**What the task requires**
An exact reproduction of all the data is needed, with no images in it.

(Data to process)

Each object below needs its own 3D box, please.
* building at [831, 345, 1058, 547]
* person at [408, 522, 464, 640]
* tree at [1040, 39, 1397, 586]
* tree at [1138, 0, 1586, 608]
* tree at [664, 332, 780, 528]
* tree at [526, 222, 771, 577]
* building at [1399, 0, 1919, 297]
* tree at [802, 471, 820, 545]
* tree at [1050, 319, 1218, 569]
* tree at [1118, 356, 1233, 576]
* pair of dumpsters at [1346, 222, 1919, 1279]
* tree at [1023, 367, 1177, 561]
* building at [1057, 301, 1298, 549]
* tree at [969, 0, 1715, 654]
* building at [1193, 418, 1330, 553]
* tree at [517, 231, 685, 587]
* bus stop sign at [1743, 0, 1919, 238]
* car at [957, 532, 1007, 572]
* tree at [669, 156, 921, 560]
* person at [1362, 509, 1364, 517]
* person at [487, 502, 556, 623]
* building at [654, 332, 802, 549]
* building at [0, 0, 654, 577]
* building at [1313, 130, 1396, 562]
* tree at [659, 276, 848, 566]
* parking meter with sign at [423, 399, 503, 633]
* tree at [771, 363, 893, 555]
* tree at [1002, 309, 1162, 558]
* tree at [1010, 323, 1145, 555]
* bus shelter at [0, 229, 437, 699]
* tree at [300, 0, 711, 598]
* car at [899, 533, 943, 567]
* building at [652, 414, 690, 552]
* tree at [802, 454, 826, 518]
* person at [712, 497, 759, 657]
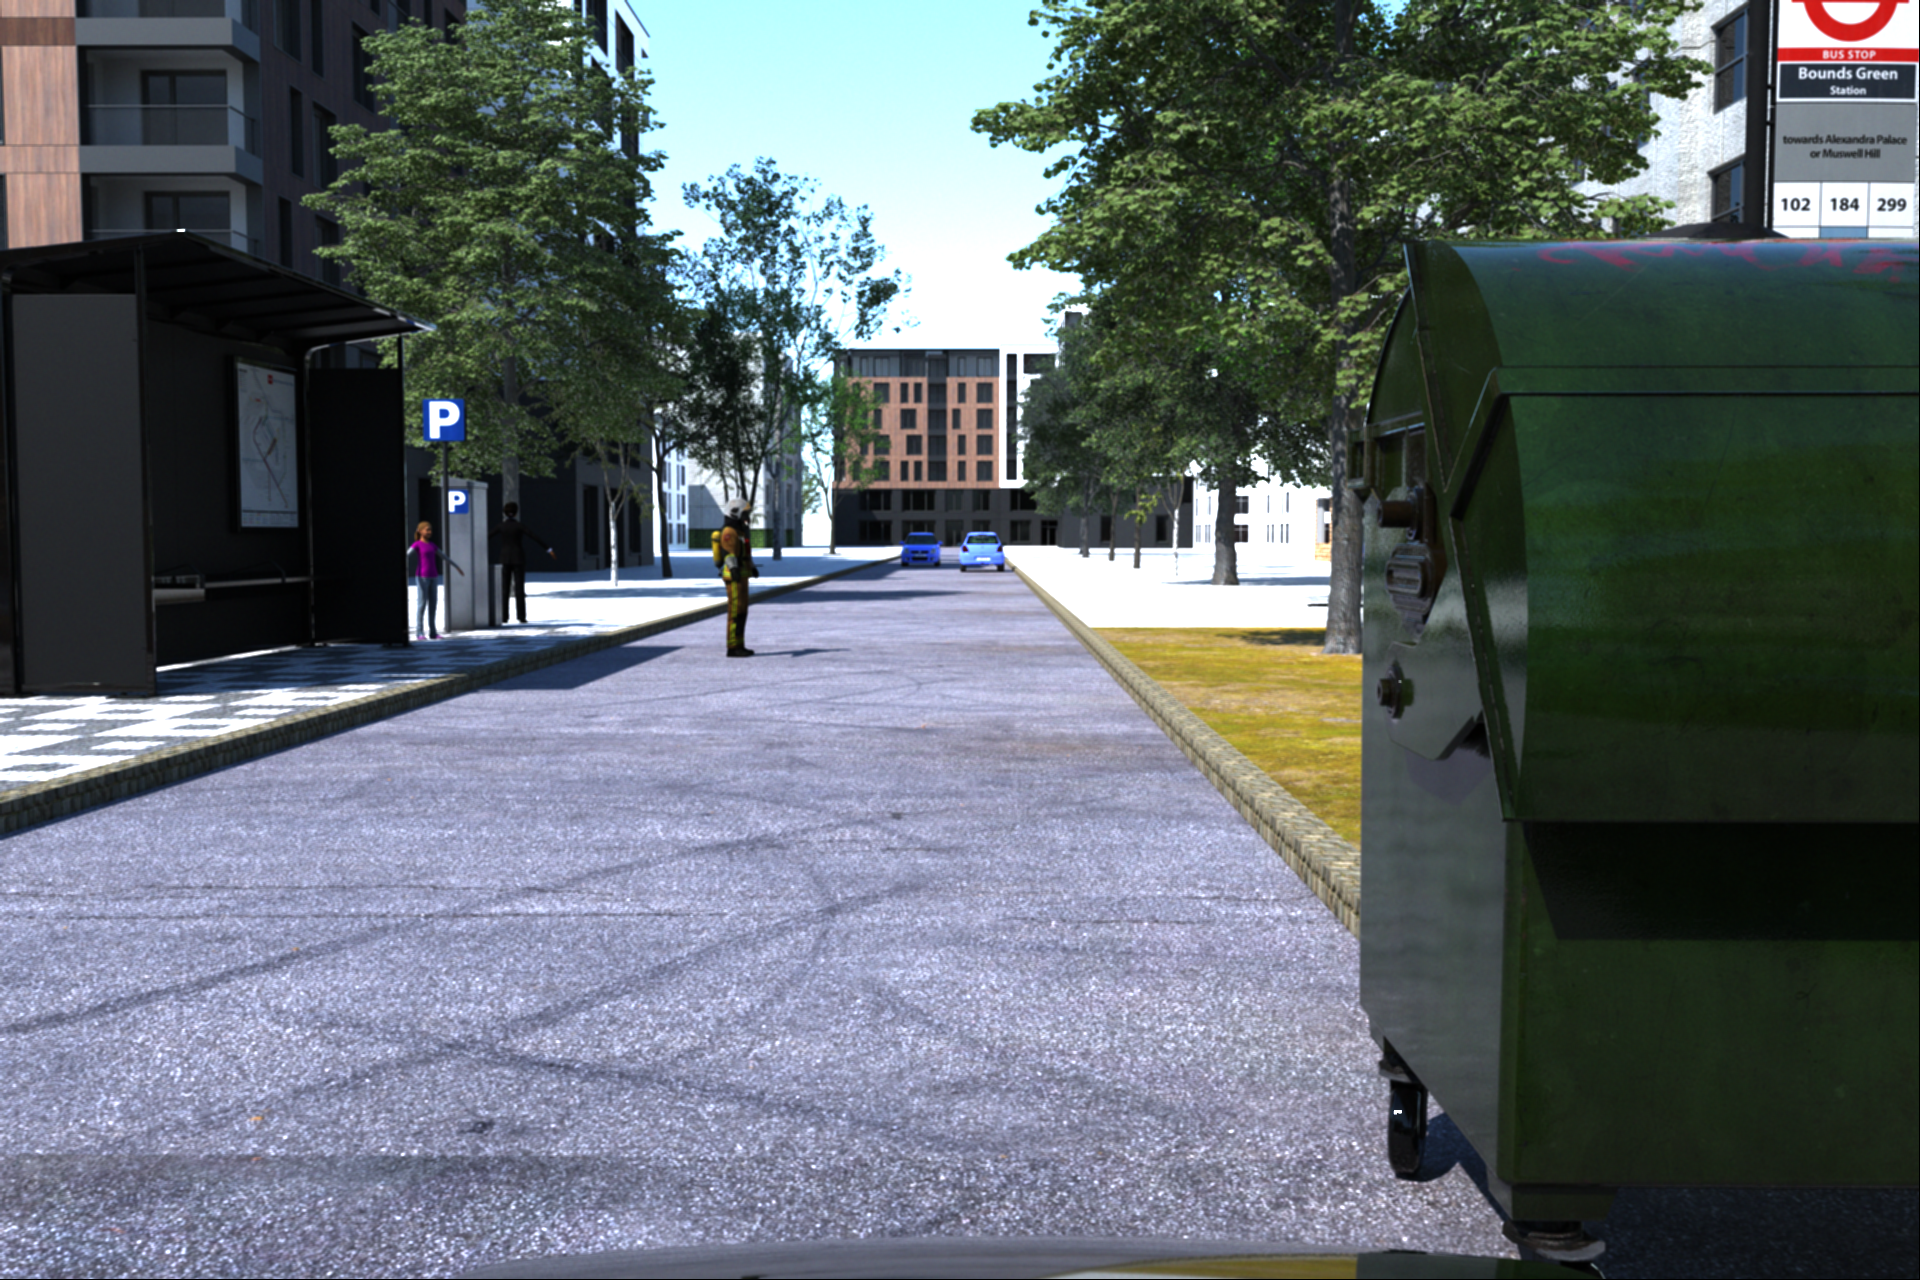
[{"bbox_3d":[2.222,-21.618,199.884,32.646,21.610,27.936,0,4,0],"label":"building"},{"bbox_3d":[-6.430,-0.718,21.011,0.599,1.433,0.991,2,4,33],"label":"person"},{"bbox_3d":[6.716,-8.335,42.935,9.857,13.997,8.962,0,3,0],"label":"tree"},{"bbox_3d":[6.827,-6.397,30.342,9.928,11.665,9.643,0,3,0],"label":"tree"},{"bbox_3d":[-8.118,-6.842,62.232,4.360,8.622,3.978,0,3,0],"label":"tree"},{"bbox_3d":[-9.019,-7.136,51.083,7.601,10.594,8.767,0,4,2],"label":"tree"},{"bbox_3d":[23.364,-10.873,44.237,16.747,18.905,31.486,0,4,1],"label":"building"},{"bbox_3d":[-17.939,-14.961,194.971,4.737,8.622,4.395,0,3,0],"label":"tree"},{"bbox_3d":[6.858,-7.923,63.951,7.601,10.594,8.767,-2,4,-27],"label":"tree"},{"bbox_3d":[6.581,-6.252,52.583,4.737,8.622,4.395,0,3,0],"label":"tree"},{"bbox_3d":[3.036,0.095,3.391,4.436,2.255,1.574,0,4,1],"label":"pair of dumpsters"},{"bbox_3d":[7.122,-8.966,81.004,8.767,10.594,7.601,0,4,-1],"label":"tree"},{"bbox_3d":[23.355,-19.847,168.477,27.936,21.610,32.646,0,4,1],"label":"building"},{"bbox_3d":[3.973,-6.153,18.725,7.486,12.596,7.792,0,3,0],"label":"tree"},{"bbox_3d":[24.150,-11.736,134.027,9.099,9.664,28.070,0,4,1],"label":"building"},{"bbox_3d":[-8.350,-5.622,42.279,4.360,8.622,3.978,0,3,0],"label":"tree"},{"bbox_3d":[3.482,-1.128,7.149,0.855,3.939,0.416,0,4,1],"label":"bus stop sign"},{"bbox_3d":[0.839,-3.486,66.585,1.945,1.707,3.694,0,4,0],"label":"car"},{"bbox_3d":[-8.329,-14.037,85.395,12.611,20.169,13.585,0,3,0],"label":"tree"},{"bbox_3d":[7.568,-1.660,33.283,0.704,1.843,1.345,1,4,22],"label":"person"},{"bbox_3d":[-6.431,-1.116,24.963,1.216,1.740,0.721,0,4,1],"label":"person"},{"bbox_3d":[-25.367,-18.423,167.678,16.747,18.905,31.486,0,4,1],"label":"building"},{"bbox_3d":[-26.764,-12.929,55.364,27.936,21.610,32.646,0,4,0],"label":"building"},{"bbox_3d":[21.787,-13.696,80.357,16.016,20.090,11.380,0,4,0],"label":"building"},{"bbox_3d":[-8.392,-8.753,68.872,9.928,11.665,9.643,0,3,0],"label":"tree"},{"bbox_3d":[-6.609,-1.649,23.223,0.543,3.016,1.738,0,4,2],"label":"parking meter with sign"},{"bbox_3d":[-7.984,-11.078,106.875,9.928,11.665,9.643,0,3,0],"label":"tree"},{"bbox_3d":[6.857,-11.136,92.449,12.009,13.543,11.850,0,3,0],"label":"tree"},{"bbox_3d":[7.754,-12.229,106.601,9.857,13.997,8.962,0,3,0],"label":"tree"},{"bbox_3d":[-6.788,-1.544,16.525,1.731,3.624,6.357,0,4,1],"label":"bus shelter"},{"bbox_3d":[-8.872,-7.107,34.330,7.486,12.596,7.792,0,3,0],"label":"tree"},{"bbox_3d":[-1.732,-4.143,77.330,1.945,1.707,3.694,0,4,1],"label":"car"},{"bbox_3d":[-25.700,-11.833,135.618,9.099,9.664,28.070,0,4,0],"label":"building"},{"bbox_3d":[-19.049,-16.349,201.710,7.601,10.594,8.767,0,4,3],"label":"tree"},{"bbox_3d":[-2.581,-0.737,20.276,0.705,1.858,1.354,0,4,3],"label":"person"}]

(End Data to process)

**Written solution**
Each object below needs its own 3D box, please.
* building at [831, 345, 1058, 547]
* person at [408, 522, 464, 640]
* tree at [1040, 39, 1397, 586]
* tree at [1138, 0, 1586, 608]
* tree at [664, 332, 780, 528]
* tree at [526, 222, 771, 577]
* building at [1399, 0, 1919, 297]
* tree at [802, 471, 820, 545]
* tree at [1050, 319, 1218, 569]
* tree at [1118, 356, 1233, 576]
* pair of dumpsters at [1346, 222, 1919, 1279]
* tree at [1023, 367, 1177, 561]
* building at [1057, 301, 1298, 549]
* tree at [969, 0, 1715, 654]
* building at [1193, 418, 1330, 553]
* tree at [517, 231, 685, 587]
* bus stop sign at [1743, 0, 1919, 238]
* car at [957, 532, 1007, 572]
* tree at [669, 156, 921, 560]
* person at [1362, 509, 1364, 517]
* person at [487, 502, 556, 623]
* building at [654, 332, 802, 549]
* building at [0, 0, 654, 577]
* building at [1313, 130, 1396, 562]
* tree at [659, 276, 848, 566]
* parking meter with sign at [423, 399, 503, 633]
* tree at [771, 363, 893, 555]
* tree at [1002, 309, 1162, 558]
* tree at [1010, 323, 1145, 555]
* bus shelter at [0, 229, 437, 699]
* tree at [300, 0, 711, 598]
* car at [899, 533, 943, 567]
* building at [652, 414, 690, 552]
* tree at [802, 454, 826, 518]
* person at [712, 497, 759, 657]
[{"bbox_3d":[2.222,-21.618,199.884,32.646,21.610,27.936,0,4,0],"label":"building"},{"bbox_3d":[-6.430,-0.718,21.011,0.599,1.433,0.991,2,4,33],"label":"person"},{"bbox_3d":[6.716,-8.335,42.935,9.857,13.997,8.962,0,3,0],"label":"tree"},{"bbox_3d":[6.827,-6.397,30.342,9.928,11.665,9.643,0,3,0],"label":"tree"},{"bbox_3d":[-8.118,-6.842,62.232,4.360,8.622,3.978,0,3,0],"label":"tree"},{"bbox_3d":[-9.019,-7.136,51.083,7.601,10.594,8.767,0,4,2],"label":"tree"},{"bbox_3d":[23.364,-10.873,44.237,16.747,18.905,31.486,0,4,1],"label":"building"},{"bbox_3d":[-17.939,-14.961,194.971,4.737,8.622,4.395,0,3,0],"label":"tree"},{"bbox_3d":[6.858,-7.923,63.951,7.601,10.594,8.767,-2,4,-27],"label":"tree"},{"bbox_3d":[6.581,-6.252,52.583,4.737,8.622,4.395,0,3,0],"label":"tree"},{"bbox_3d":[3.036,0.095,3.391,4.436,2.255,1.574,0,4,1],"label":"pair of dumpsters"},{"bbox_3d":[7.122,-8.966,81.004,8.767,10.594,7.601,0,4,-1],"label":"tree"},{"bbox_3d":[23.355,-19.847,168.477,27.936,21.610,32.646,0,4,1],"label":"building"},{"bbox_3d":[3.973,-6.153,18.725,7.486,12.596,7.792,0,3,0],"label":"tree"},{"bbox_3d":[24.150,-11.736,134.027,9.099,9.664,28.070,0,4,1],"label":"building"},{"bbox_3d":[-8.350,-5.622,42.279,4.360,8.622,3.978,0,3,0],"label":"tree"},{"bbox_3d":[3.482,-1.128,7.149,0.855,3.939,0.416,0,4,1],"label":"bus stop sign"},{"bbox_3d":[0.839,-3.486,66.585,1.945,1.707,3.694,0,4,0],"label":"car"},{"bbox_3d":[-8.329,-14.037,85.395,12.611,20.169,13.585,0,3,0],"label":"tree"},{"bbox_3d":[7.568,-1.660,33.283,0.704,1.843,1.345,1,4,22],"label":"person"},{"bbox_3d":[-6.431,-1.116,24.963,1.216,1.740,0.721,0,4,1],"label":"person"},{"bbox_3d":[-25.367,-18.423,167.678,16.747,18.905,31.486,0,4,1],"label":"building"},{"bbox_3d":[-26.764,-12.929,55.364,27.936,21.610,32.646,0,4,0],"label":"building"},{"bbox_3d":[21.787,-13.696,80.357,16.016,20.090,11.380,0,4,0],"label":"building"},{"bbox_3d":[-8.392,-8.753,68.872,9.928,11.665,9.643,0,3,0],"label":"tree"},{"bbox_3d":[-6.609,-1.649,23.223,0.543,3.016,1.738,0,4,2],"label":"parking meter with sign"},{"bbox_3d":[-7.984,-11.078,106.875,9.928,11.665,9.643,0,3,0],"label":"tree"},{"bbox_3d":[6.857,-11.136,92.449,12.009,13.543,11.850,0,3,0],"label":"tree"},{"bbox_3d":[7.754,-12.229,106.601,9.857,13.997,8.962,0,3,0],"label":"tree"},{"bbox_3d":[-6.788,-1.544,16.525,1.731,3.624,6.357,0,4,1],"label":"bus shelter"},{"bbox_3d":[-8.872,-7.107,34.330,7.486,12.596,7.792,0,3,0],"label":"tree"},{"bbox_3d":[-1.732,-4.143,77.330,1.945,1.707,3.694,0,4,1],"label":"car"},{"bbox_3d":[-25.700,-11.833,135.618,9.099,9.664,28.070,0,4,0],"label":"building"},{"bbox_3d":[-19.049,-16.349,201.710,7.601,10.594,8.767,0,4,3],"label":"tree"},{"bbox_3d":[-2.581,-0.737,20.276,0.705,1.858,1.354,0,4,3],"label":"person"}]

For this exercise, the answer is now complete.